The release states that with the conversion to decimal pricing complete, the SEC believes it is now appropriate to request comment on the effect of subpenny trading on SEC and self-regulatory organization rules that are dependent on trading or quoting price differentials. In particular, the release requests comment on the effect of subpenny trading on market transparency, customer limit orders, various price-dependent rules, and automated systems.
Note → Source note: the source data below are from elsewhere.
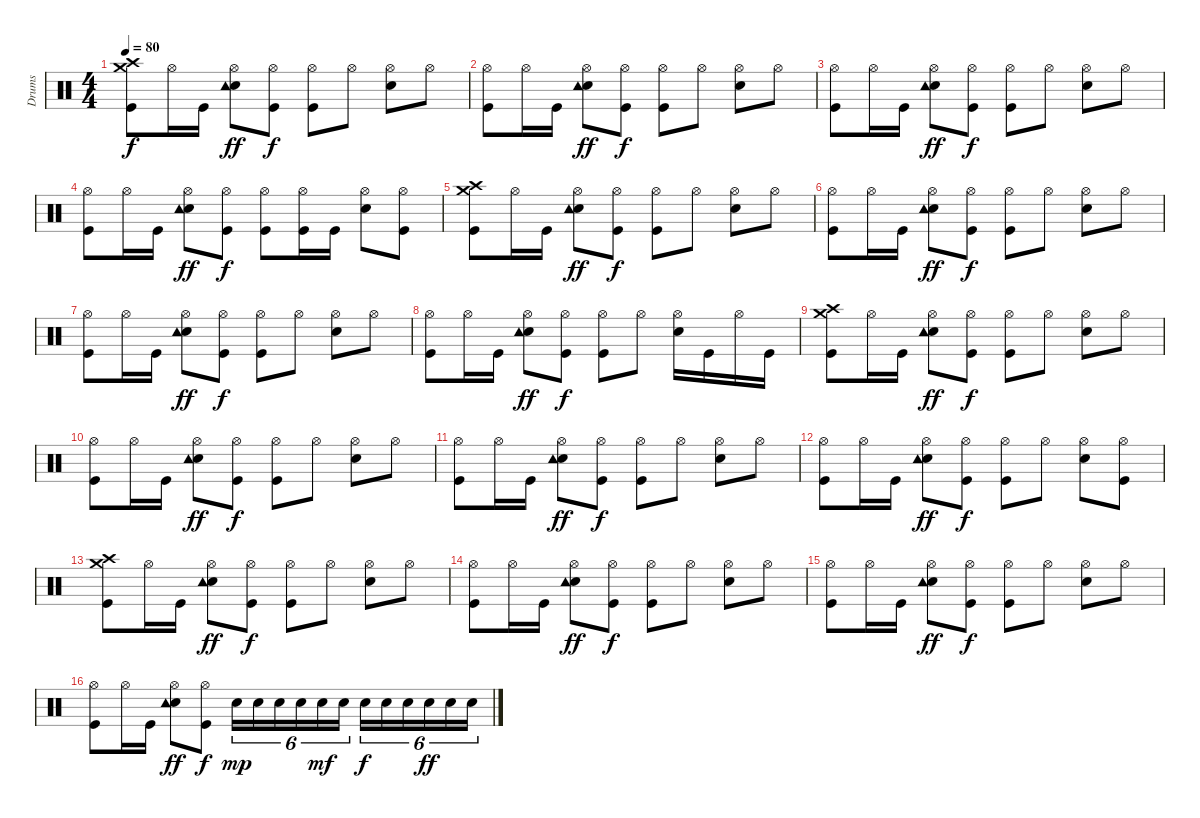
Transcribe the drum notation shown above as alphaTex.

\track ("Drums" "Drums") {instrument percussion}
\staff {score}
\articulation defaults
\ts (4 4)
\tempo 80
\clef neutral
\ks c
("Crash high (hit)" "Crash medium (hit)" "Kick (hit)").8{dy f} "Hi-Hat (open)".16 "Kick (hit)".16 ("Electric Snare (hit)" "Hi-Hat (open)" "Tambourine (hit)").8{dy ff} ("Hi-Hat (open)" "Kick (hit)").8{dy f} ("Hi-Hat (open)" "Kick (hit)").8 "Hi-Hat (open)".8 ("Electric Snare (hit)" "Hi-Hat (open)").8 "Hi-Hat (open)".8 |
("Hi-Hat (open)" "Kick (hit)").8 "Hi-Hat (open)".16 "Kick (hit)".16 ("Electric Snare (hit)" "Hi-Hat (open)" "Tambourine (hit)").8{dy ff} ("Hi-Hat (open)" "Kick (hit)").8{dy f} ("Hi-Hat (open)" "Kick (hit)").8 "Hi-Hat (open)".8 ("Electric Snare (hit)" "Hi-Hat (open)").8 "Hi-Hat (open)".8 |
("Hi-Hat (open)" "Kick (hit)").8 "Hi-Hat (open)".16 "Kick (hit)".16 ("Electric Snare (hit)" "Hi-Hat (open)" "Tambourine (hit)").8{dy ff} ("Hi-Hat (open)" "Kick (hit)").8{dy f} ("Hi-Hat (open)" "Kick (hit)").8 "Hi-Hat (open)".8 ("Electric Snare (hit)" "Hi-Hat (open)").8 "Hi-Hat (open)".8 |
("Hi-Hat (open)" "Kick (hit)").8 "Hi-Hat (open)".16 "Kick (hit)".16 ("Electric Snare (hit)" "Hi-Hat (open)" "Tambourine (hit)").8{dy ff} ("Hi-Hat (open)" "Kick (hit)").8{dy f} ("Hi-Hat (open)" "Kick (hit)").8 ("Hi-Hat (open)" "Kick (hit)").16 "Kick (hit)".16 ("Electric Snare (hit)" "Hi-Hat (open)").8 ("Hi-Hat (open)" "Kick (hit)").8 |
("Crash high (hit)" "Crash medium (hit)" "Kick (hit)").8 "Hi-Hat (open)".16 "Kick (hit)".16 ("Electric Snare (hit)" "Hi-Hat (open)" "Tambourine (hit)").8{dy ff} ("Hi-Hat (open)" "Kick (hit)").8{dy f} ("Hi-Hat (open)" "Kick (hit)").8 "Hi-Hat (open)".8 ("Electric Snare (hit)" "Hi-Hat (open)").8 "Hi-Hat (open)".8 |
("Hi-Hat (open)" "Kick (hit)").8 "Hi-Hat (open)".16 "Kick (hit)".16 ("Electric Snare (hit)" "Hi-Hat (open)" "Tambourine (hit)").8{dy ff} ("Hi-Hat (open)" "Kick (hit)").8{dy f} ("Hi-Hat (open)" "Kick (hit)").8 "Hi-Hat (open)".8 ("Electric Snare (hit)" "Hi-Hat (open)").8 "Hi-Hat (open)".8 |
("Hi-Hat (open)" "Kick (hit)").8 "Hi-Hat (open)".16 "Kick (hit)".16 ("Electric Snare (hit)" "Hi-Hat (open)" "Tambourine (hit)").8{dy ff} ("Hi-Hat (open)" "Kick (hit)").8{dy f} ("Hi-Hat (open)" "Kick (hit)").8 "Hi-Hat (open)".8 ("Electric Snare (hit)" "Hi-Hat (open)").8 "Hi-Hat (open)".8 |
("Hi-Hat (open)" "Kick (hit)").8 "Hi-Hat (open)".16 "Kick (hit)".16 ("Electric Snare (hit)" "Hi-Hat (open)" "Tambourine (hit)").8{dy ff} ("Hi-Hat (open)" "Kick (hit)").8{dy f} ("Hi-Hat (open)" "Kick (hit)").8 "Hi-Hat (open)".8 ("Electric Snare (hit)" "Hi-Hat (open)").16 "Kick (hit)".16 "Hi-Hat (open)".16 "Kick (hit)".16 |
("Crash high (hit)" "Crash medium (hit)" "Kick (hit)").8 "Hi-Hat (open)".16 "Kick (hit)".16 ("Electric Snare (hit)" "Hi-Hat (open)" "Tambourine (hit)").8{dy ff} ("Hi-Hat (open)" "Kick (hit)").8{dy f} ("Hi-Hat (open)" "Kick (hit)").8 "Hi-Hat (open)".8 ("Electric Snare (hit)" "Hi-Hat (open)").8 "Hi-Hat (open)".8 |
("Hi-Hat (open)" "Kick (hit)").8 "Hi-Hat (open)".16 "Kick (hit)".16 ("Electric Snare (hit)" "Hi-Hat (open)" "Tambourine (hit)").8{dy ff} ("Hi-Hat (open)" "Kick (hit)").8{dy f} ("Hi-Hat (open)" "Kick (hit)").8 "Hi-Hat (open)".8 ("Electric Snare (hit)" "Hi-Hat (open)").8 "Hi-Hat (open)".8 |
("Hi-Hat (open)" "Kick (hit)").8 "Hi-Hat (open)".16 "Kick (hit)".16 ("Electric Snare (hit)" "Hi-Hat (open)" "Tambourine (hit)").8{dy ff} ("Hi-Hat (open)" "Kick (hit)").8{dy f} ("Hi-Hat (open)" "Kick (hit)").8 "Hi-Hat (open)".8 ("Electric Snare (hit)" "Hi-Hat (open)").8 "Hi-Hat (open)".8 |
("Hi-Hat (open)" "Kick (hit)").8 "Hi-Hat (open)".16 "Kick (hit)".16 ("Electric Snare (hit)" "Hi-Hat (open)" "Tambourine (hit)").8{dy ff} ("Hi-Hat (open)" "Kick (hit)").8{dy f} ("Hi-Hat (open)" "Kick (hit)").8 "Hi-Hat (open)".8 ("Electric Snare (hit)" "Hi-Hat (open)").8 ("Hi-Hat (open)" "Kick (hit)").8 |
("Crash high (hit)" "Crash medium (hit)" "Kick (hit)").8 "Hi-Hat (open)".16 "Kick (hit)".16 ("Electric Snare (hit)" "Hi-Hat (open)" "Tambourine (hit)").8{dy ff} ("Hi-Hat (open)" "Kick (hit)").8{dy f} ("Hi-Hat (open)" "Kick (hit)").8 "Hi-Hat (open)".8 ("Electric Snare (hit)" "Hi-Hat (open)").8 "Hi-Hat (open)".8 |
("Hi-Hat (open)" "Kick (hit)").8 "Hi-Hat (open)".16 "Kick (hit)".16 ("Electric Snare (hit)" "Hi-Hat (open)" "Tambourine (hit)").8{dy ff} ("Hi-Hat (open)" "Kick (hit)").8{dy f} ("Hi-Hat (open)" "Kick (hit)").8 "Hi-Hat (open)".8 ("Electric Snare (hit)" "Hi-Hat (open)").8 "Hi-Hat (open)".8 |
("Hi-Hat (open)" "Kick (hit)").8 "Hi-Hat (open)".16 "Kick (hit)".16 ("Electric Snare (hit)" "Hi-Hat (open)" "Tambourine (hit)").8{dy ff} ("Hi-Hat (open)" "Kick (hit)").8{dy f} ("Hi-Hat (open)" "Kick (hit)").8 "Hi-Hat (open)".8 ("Electric Snare (hit)" "Hi-Hat (open)").8 "Hi-Hat (open)".8 |
("Hi-Hat (open)" "Kick (hit)").8 "Hi-Hat (open)".16 "Kick (hit)".16 ("Electric Snare (hit)" "Hi-Hat (open)" "Tambourine (hit)").8{dy ff} ("Hi-Hat (open)" "Kick (hit)").8{dy f} "Electric Snare (hit)".16{tu (6 4) dy mp} "Electric Snare (hit)".16{tu (6 4)} "Electric Snare (hit)".16{tu (6 4)} "Electric Snare (hit)".16{tu (6 4)} "Electric Snare (hit)".16{tu (6 4) dy mf} "Electric Snare (hit)".16{tu (6 4)} "Electric Snare (hit)".16{tu (6 4) dy f} "Electric Snare (hit)".16{tu (6 4)} "Electric Snare (hit)".16{tu (6 4)} "Electric Snare (hit)".16{tu (6 4) dy ff} "Electric Snare (hit)".16{tu (6 4)} "Electric Snare (hit)".16{tu (6 4)}

Impact of Subpenny Trading on Transparency
The release discusses several aspects of market transparency that have been affected by the conversion to decimals. In particular, the release states that the ability of investors to understand the consolidated quotations of competing market centers may be adversely affected, and the accuracy of the quotations could be compromised, if the consolidated quotations used by investors do not fully reflect the subpenny orders available for execution at various price levels. Therefore, quotes may need to be displayed in subpennies. However, the release notes that if quotes were to be displayed in subpennies, investors and market participants might have to deal with confusing and rapidly changing quote montages which could result in "flickering" quotes in very small price increments. In addition, quoting in subpennies could have implications for market rules pertaining to locked and crossed markets and the ITS Plan's "trade-through" provisions.
The release also discusses the effect of the conversion to decimals on quotation depth. In particular, the release notes that as the minimum quoting increment has narrowed to a penny, the market depth at any particular price level has decreased as well. The release states that some firms and institutional investors have expressed concerns that the reduction in quoted market depth may be affecting adversely their ability to execute large orders and that smaller trading and quoting increments have increased the risk of displaying limit orders, particularly larger limit orders, leading to a reduction in the amount of liquidity provided by such orders.
In order to address these issues, the release requests comment on two mutually independent scenarios—the "rounding" and "inclusion" scenarios—under which subpenny trading might be accommodated.
The release discusses a variety of other issues, including:
- the effect of decimalization on the priority of orders in the securities markets;
- the effect of trading in subpennies on, among other things, customer limit order protection rules; and
- the SEC concern that a widespread transition to quoting, trading, or reporting of stocks in increments of less than a penny could result in systems issues that could compromise essential market and broker-dealer operations or disrupt the successful transition to decimals.